◆ Exercise details ◆
Every record must be retyped as it stands.

◆ Available records ◆

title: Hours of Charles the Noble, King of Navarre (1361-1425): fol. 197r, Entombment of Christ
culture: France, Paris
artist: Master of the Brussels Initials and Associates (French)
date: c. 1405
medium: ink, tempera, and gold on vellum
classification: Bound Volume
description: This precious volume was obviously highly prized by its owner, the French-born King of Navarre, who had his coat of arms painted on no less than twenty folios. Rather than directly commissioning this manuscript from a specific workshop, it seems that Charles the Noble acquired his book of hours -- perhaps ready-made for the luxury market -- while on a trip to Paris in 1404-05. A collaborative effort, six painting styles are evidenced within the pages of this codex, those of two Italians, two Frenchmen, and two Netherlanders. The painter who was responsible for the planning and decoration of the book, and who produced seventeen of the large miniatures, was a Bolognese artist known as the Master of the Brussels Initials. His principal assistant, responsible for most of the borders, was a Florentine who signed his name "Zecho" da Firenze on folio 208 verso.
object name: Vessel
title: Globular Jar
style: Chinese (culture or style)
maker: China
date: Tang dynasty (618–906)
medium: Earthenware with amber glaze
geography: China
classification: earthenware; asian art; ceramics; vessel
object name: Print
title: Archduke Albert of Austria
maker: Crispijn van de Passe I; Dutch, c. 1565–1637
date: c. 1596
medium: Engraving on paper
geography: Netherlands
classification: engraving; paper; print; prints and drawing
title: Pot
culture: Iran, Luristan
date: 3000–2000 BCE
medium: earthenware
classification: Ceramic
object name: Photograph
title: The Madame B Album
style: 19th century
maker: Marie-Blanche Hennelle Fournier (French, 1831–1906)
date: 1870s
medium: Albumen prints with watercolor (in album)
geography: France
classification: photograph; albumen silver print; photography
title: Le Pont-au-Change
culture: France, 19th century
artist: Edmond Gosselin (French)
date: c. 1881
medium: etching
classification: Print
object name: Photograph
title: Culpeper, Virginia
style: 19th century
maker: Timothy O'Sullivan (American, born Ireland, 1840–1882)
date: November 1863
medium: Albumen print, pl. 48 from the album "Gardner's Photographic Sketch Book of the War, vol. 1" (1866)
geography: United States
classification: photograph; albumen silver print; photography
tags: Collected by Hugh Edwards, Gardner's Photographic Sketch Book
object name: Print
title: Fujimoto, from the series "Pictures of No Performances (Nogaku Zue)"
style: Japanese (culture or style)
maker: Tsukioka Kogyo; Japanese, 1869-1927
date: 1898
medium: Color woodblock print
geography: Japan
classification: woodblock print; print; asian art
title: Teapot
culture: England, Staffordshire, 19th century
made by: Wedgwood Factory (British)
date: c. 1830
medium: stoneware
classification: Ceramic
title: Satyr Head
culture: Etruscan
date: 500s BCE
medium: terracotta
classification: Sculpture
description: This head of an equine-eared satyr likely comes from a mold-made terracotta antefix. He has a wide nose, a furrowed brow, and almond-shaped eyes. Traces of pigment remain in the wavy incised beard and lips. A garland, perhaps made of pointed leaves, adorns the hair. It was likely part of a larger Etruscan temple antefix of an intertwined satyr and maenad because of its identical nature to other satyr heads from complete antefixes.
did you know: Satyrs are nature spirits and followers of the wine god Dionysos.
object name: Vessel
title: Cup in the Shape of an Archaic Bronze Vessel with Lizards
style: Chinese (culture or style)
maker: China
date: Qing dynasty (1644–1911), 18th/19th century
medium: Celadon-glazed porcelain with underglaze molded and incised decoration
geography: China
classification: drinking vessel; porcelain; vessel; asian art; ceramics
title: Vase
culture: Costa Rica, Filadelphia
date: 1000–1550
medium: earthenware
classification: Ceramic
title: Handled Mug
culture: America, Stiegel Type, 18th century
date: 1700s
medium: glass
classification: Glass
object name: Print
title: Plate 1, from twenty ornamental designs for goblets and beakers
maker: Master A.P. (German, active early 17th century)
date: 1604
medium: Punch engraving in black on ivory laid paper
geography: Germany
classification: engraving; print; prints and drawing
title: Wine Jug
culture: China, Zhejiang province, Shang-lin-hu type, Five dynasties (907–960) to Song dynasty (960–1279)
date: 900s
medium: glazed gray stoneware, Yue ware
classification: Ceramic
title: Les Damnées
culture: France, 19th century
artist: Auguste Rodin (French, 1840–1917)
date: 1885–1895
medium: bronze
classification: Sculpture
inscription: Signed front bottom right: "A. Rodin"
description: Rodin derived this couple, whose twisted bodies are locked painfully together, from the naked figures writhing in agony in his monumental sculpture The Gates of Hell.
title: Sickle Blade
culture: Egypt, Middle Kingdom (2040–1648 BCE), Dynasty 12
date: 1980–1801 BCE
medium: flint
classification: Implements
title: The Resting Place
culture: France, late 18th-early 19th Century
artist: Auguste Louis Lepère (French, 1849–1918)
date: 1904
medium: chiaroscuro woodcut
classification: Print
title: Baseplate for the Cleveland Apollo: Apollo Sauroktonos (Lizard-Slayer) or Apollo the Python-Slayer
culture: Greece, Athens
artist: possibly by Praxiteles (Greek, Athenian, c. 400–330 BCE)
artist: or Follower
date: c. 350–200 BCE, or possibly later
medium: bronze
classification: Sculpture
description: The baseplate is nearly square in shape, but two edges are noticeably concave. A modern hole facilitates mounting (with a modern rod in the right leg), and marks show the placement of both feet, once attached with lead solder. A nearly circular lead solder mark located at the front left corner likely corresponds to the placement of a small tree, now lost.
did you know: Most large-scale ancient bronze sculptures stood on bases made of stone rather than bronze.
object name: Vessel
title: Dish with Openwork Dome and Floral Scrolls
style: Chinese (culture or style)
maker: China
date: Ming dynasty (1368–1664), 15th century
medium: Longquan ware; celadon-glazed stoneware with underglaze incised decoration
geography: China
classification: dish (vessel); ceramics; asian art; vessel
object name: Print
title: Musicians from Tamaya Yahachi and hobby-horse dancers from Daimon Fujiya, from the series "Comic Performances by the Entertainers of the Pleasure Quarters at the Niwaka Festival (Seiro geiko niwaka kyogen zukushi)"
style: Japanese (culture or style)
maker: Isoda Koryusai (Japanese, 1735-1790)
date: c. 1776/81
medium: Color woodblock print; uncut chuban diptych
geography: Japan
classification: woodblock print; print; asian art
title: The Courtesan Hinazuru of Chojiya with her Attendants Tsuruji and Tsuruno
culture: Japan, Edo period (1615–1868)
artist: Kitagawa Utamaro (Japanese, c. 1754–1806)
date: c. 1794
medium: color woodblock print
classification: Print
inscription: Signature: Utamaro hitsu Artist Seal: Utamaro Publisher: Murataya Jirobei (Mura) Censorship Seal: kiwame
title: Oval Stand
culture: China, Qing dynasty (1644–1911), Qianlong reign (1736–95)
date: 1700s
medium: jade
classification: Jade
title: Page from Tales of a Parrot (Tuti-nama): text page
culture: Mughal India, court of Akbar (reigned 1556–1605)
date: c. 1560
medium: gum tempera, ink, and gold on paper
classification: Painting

◆ Answer for the task ◆
title: Hours of Charles the Noble, King of Navarre (1361-1425): fol. 197r, Entombment of Christ
culture: France, Paris
artist: Master of the Brussels Initials and Associates (French)
date: c. 1405
medium: ink, tempera, and gold on vellum
classification: Bound Volume
description: This precious volume was obviously highly prized by its owner, the French-born King of Navarre, who had his coat of arms painted on no less than twenty folios. Rather than directly commissioning this manuscript from a specific workshop, it seems that Charles the Noble acquired his book of hours -- perhaps ready-made for the luxury market -- while on a trip to Paris in 1404-05. A collaborative effort, six painting styles are evidenced within the pages of this codex, those of two Italians, two Frenchmen, and two Netherlanders. The painter who was responsible for the planning and decoration of the book, and who produced seventeen of the large miniatures, was a Bolognese artist known as the Master of the Brussels Initials. His principal assistant, responsible for most of the borders, was a Florentine who signed his name "Zecho" da Firenze on folio 208 verso.
object name: Vessel
title: Globular Jar
style: Chinese (culture or style)
maker: China
date: Tang dynasty (618–906)
medium: Earthenware with amber glaze
geography: China
classification: earthenware; asian art; ceramics; vessel
object name: Print
title: Archduke Albert of Austria
maker: Crispijn van de Passe I; Dutch, c. 1565–1637
date: c. 1596
medium: Engraving on paper
geography: Netherlands
classification: engraving; paper; print; prints and drawing
title: Pot
culture: Iran, Luristan
date: 3000–2000 BCE
medium: earthenware
classification: Ceramic
object name: Photograph
title: The Madame B Album
style: 19th century
maker: Marie-Blanche Hennelle Fournier (French, 1831–1906)
date: 1870s
medium: Albumen prints with watercolor (in album)
geography: France
classification: photograph; albumen silver print; photography
title: Le Pont-au-Change
culture: France, 19th century
artist: Edmond Gosselin (French)
date: c. 1881
medium: etching
classification: Print
object name: Photograph
title: Culpeper, Virginia
style: 19th century
maker: Timothy O'Sullivan (American, born Ireland, 1840–1882)
date: November 1863
medium: Albumen print, pl. 48 from the album "Gardner's Photographic Sketch Book of the War, vol. 1" (1866)
geography: United States
classification: photograph; albumen silver print; photography
tags: Collected by Hugh Edwards, Gardner's Photographic Sketch Book
object name: Print
title: Fujimoto, from the series "Pictures of No Performances (Nogaku Zue)"
style: Japanese (culture or style)
maker: Tsukioka Kogyo; Japanese, 1869-1927
date: 1898
medium: Color woodblock print
geography: Japan
classification: woodblock print; print; asian art
title: Teapot
culture: England, Staffordshire, 19th century
made by: Wedgwood Factory (British)
date: c. 1830
medium: stoneware
classification: Ceramic
title: Satyr Head
culture: Etruscan
date: 500s BCE
medium: terracotta
classification: Sculpture
description: This head of an equine-eared satyr likely comes from a mold-made terracotta antefix. He has a wide nose, a furrowed brow, and almond-shaped eyes. Traces of pigment remain in the wavy incised beard and lips. A garland, perhaps made of pointed leaves, adorns the hair. It was likely part of a larger Etruscan temple antefix of an intertwined satyr and maenad because of its identical nature to other satyr heads from complete antefixes.
did you know: Satyrs are nature spirits and followers of the wine god Dionysos.
object name: Vessel
title: Cup in the Shape of an Archaic Bronze Vessel with Lizards
style: Chinese (culture or style)
maker: China
date: Qing dynasty (1644–1911), 18th/19th century
medium: Celadon-glazed porcelain with underglaze molded and incised decoration
geography: China
classification: drinking vessel; porcelain; vessel; asian art; ceramics
title: Vase
culture: Costa Rica, Filadelphia
date: 1000–1550
medium: earthenware
classification: Ceramic
title: Handled Mug
culture: America, Stiegel Type, 18th century
date: 1700s
medium: glass
classification: Glass
object name: Print
title: Plate 1, from twenty ornamental designs for goblets and beakers
maker: Master A.P. (German, active early 17th century)
date: 1604
medium: Punch engraving in black on ivory laid paper
geography: Germany
classification: engraving; print; prints and drawing
title: Wine Jug
culture: China, Zhejiang province, Shang-lin-hu type, Five dynasties (907–960) to Song dynasty (960–1279)
date: 900s
medium: glazed gray stoneware, Yue ware
classification: Ceramic
title: Les Damnées
culture: France, 19th century
artist: Auguste Rodin (French, 1840–1917)
date: 1885–1895
medium: bronze
classification: Sculpture
inscription: Signed front bottom right: "A. Rodin"
description: Rodin derived this couple, whose twisted bodies are locked painfully together, from the naked figures writhing in agony in his monumental sculpture The Gates of Hell.
title: Sickle Blade
culture: Egypt, Middle Kingdom (2040–1648 BCE), Dynasty 12
date: 1980–1801 BCE
medium: flint
classification: Implements
title: The Resting Place
culture: France, late 18th-early 19th Century
artist: Auguste Louis Lepère (French, 1849–1918)
date: 1904
medium: chiaroscuro woodcut
classification: Print
title: Baseplate for the Cleveland Apollo: Apollo Sauroktonos (Lizard-Slayer) or Apollo the Python-Slayer
culture: Greece, Athens
artist: possibly by Praxiteles (Greek, Athenian, c. 400–330 BCE)
artist: or Follower
date: c. 350–200 BCE, or possibly later
medium: bronze
classification: Sculpture
description: The baseplate is nearly square in shape, but two edges are noticeably concave. A modern hole facilitates mounting (with a modern rod in the right leg), and marks show the placement of both feet, once attached with lead solder. A nearly circular lead solder mark located at the front left corner likely corresponds to the placement of a small tree, now lost.
did you know: Most large-scale ancient bronze sculptures stood on bases made of stone rather than bronze.
object name: Vessel
title: Dish with Openwork Dome and Floral Scrolls
style: Chinese (culture or style)
maker: China
date: Ming dynasty (1368–1664), 15th century
medium: Longquan ware; celadon-glazed stoneware with underglaze incised decoration
geography: China
classification: dish (vessel); ceramics; asian art; vessel
object name: Print
title: Musicians from Tamaya Yahachi and hobby-horse dancers from Daimon Fujiya, from the series "Comic Performances by the Entertainers of the Pleasure Quarters at the Niwaka Festival (Seiro geiko niwaka kyogen zukushi)"
style: Japanese (culture or style)
maker: Isoda Koryusai (Japanese, 1735-1790)
date: c. 1776/81
medium: Color woodblock print; uncut chuban diptych
geography: Japan
classification: woodblock print; print; asian art
title: The Courtesan Hinazuru of Chojiya with her Attendants Tsuruji and Tsuruno
culture: Japan, Edo period (1615–1868)
artist: Kitagawa Utamaro (Japanese, c. 1754–1806)
date: c. 1794
medium: color woodblock print
classification: Print
inscription: Signature: Utamaro hitsu Artist Seal: Utamaro Publisher: Murataya Jirobei (Mura) Censorship Seal: kiwame
title: Oval Stand
culture: China, Qing dynasty (1644–1911), Qianlong reign (1736–95)
date: 1700s
medium: jade
classification: Jade
title: Page from Tales of a Parrot (Tuti-nama): text page
culture: Mughal India, court of Akbar (reigned 1556–1605)
date: c. 1560
medium: gum tempera, ink, and gold on paper
classification: Painting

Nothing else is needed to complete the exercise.